Jeopardy generally attaches when a jury is impaneled and sworn, which then prevents a defendant from being tried again for the same offense(s). However, following a mistrial, a retrial is permissible over a defendant’s objection “if there was manifest necessity for terminating the first trial.” A retrial after a mistrial with a defendant’s consent is allowed “unless the government intentionally induced, goaded, or provoked the defendant into asking for the mistrial.”

Here, Appellant asked for, and thereby consented to, a mistrial on all counts. There is no evidence the court goaded, induced, or provide Appellant into requesting the mistrial. Thus, double jeopardy has not attached, and Appellant may be retried. State v. Lerma, A23-0947, 25 N.W.3d 40 (Minn. Aug. 27, 2025).

FIREARMS: PROOF OF KNOWLEDGE OF INELIGIBILITY STATUS IS NOT REQUIRED TO PROVE POSSESSION OF A FIREARM BY AN INELIGIBLE PERSON

Appellant was placed on probation in 1998 after pleading guilty to third-degree assault, a “crime of violence.” When discharged from probation in 2000, the discharge order informed him he was not entitled to possess firearms for ten years, consistent with the then-existing version of Minn. Stat. § 624.713, subd. 3. In 2003, this statute was amended to impose a lifetime firearm possession prohibition for those convicted of a crime of violence. In 2021, Appellant was arrested and found to be in possession of a firearm. He ultimately pleaded guilty to unlawful possession of a firearm. He filed a postconviction petition challenging the conviction, but his petition was denied. The Court of Appeals affirmed.

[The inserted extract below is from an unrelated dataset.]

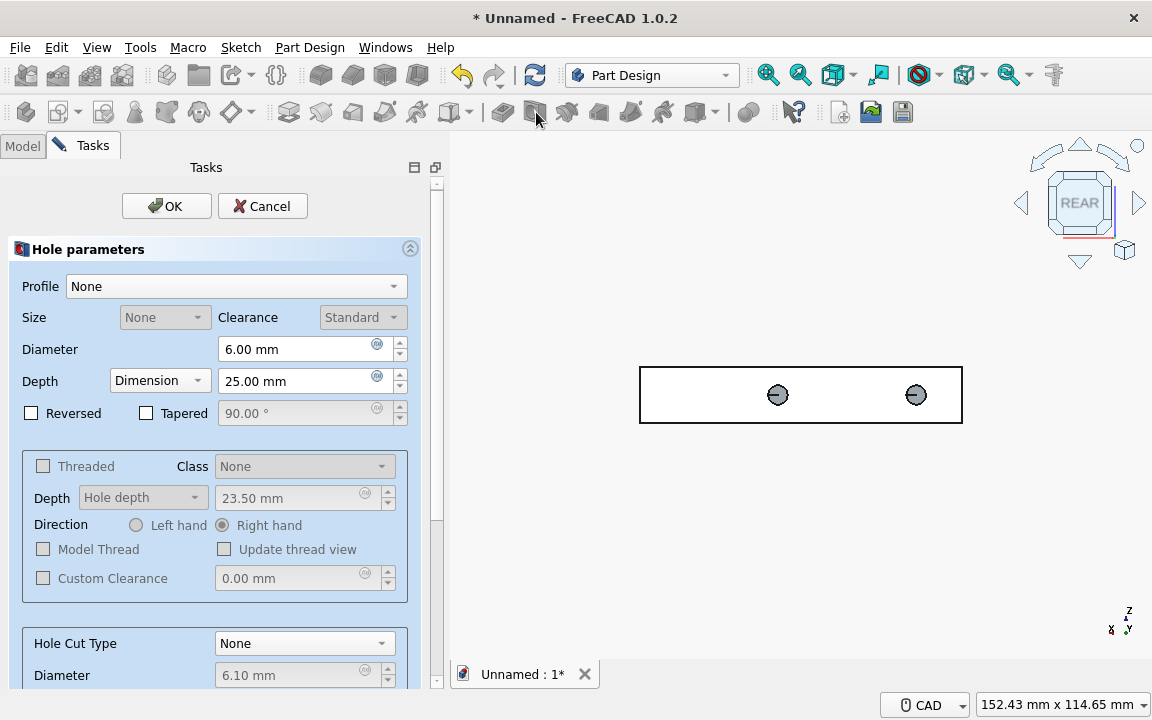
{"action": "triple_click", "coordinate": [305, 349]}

The Supreme Court rejects Appellant’s argument that his due process rights were violated because the 2000 discharge order informed him of only a ten-year firearm possession ban, not the subsequently promulgated lifetime firearm ban. No government official actively misled Appellant as to his legal obligations with respect to firearm possession. While the law was amended after Appellant was discharged from probation, ignorance of the law is no excuse.

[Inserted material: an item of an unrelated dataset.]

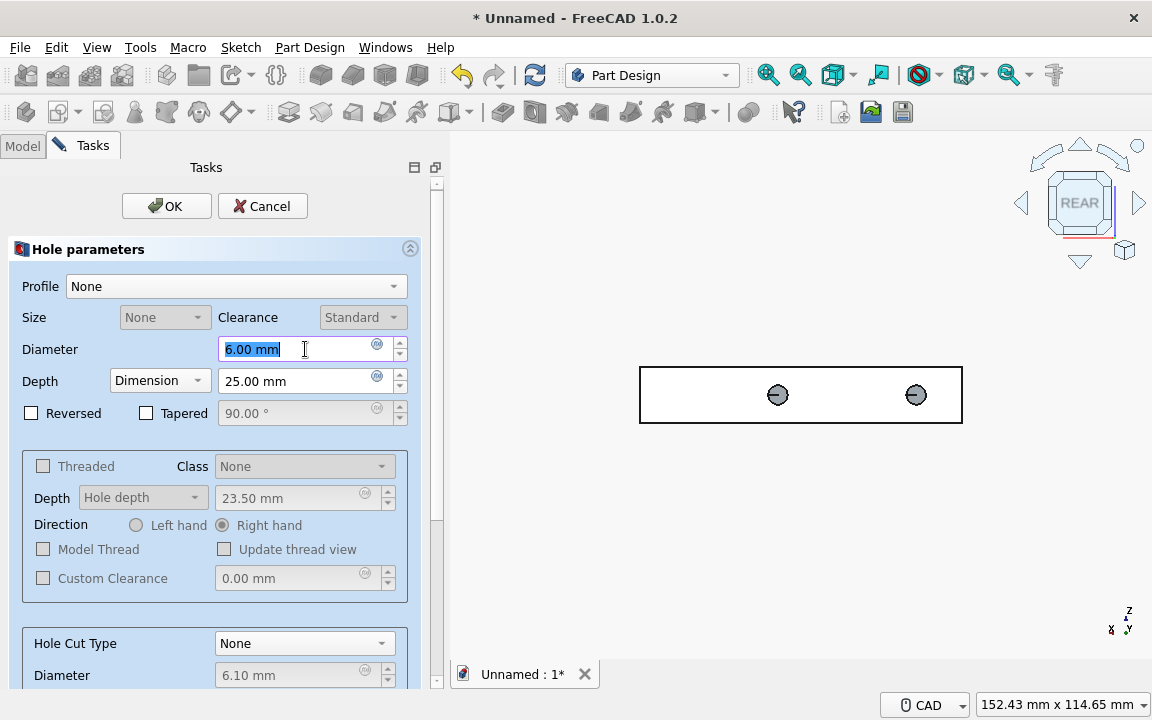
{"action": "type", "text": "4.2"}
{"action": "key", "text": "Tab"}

The court also rejects Appellant’s argument that his guilty plea was invalid because he did not admit to knowledge of his ineligibility status at the time he possessed the firearm. Section 624.713, subd. 1(2) prohibits any person “who has been convicted of… a crime of violence” from possessing ammunition or firearms. Knowledge of ineligibility is not explicitly required by the statute.

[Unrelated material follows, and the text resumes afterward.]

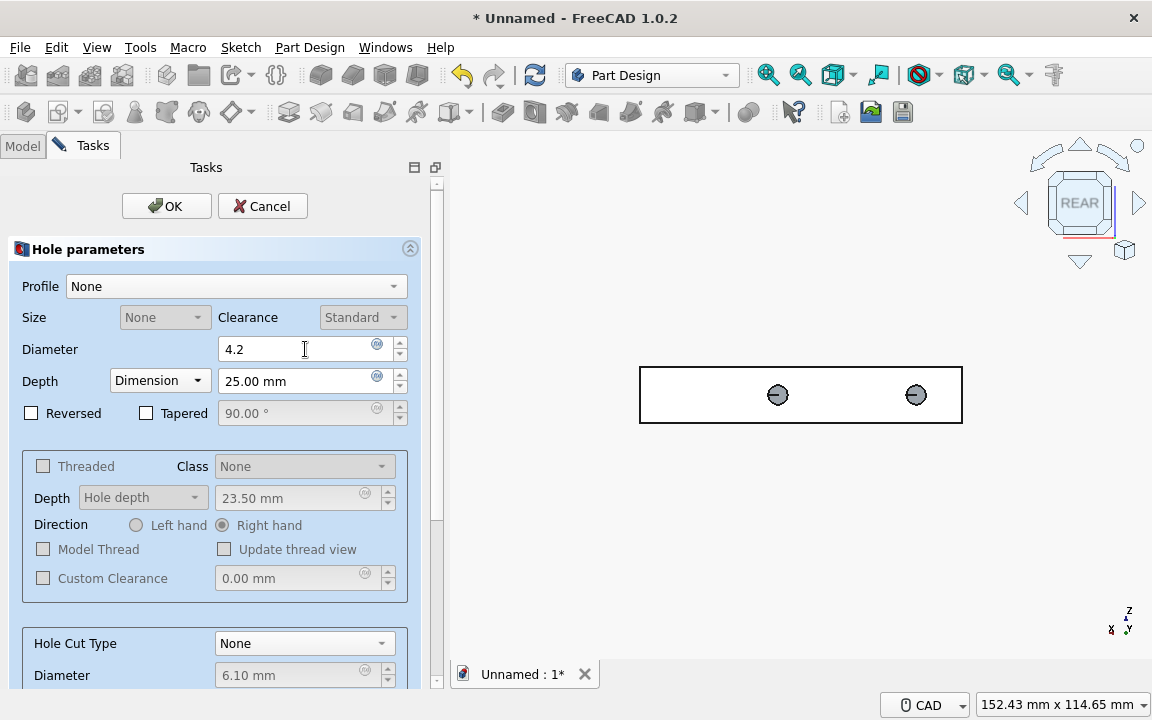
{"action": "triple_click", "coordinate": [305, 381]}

The legislature did not clearly express an intent to create a strict liability offense under section 624.713, subd. 1(2). Therefore, the court imputes a mens rea requirement to the offense. Given the statutory language, which does not mention ineligibility status, the court holds that ineligibility is not a fact of which a defendant must have knowledge to be convicted. Instead, the State must prove the defendant knew of his or her previous conviction of a crime of violence. Appellant admitted he knew of his 1998 crime of violence conviction, so his conviction is affirmed. Underwood v. Underwood, A23-1524, 25 N.W.3d 26 (Minn. Aug. 27, 2025).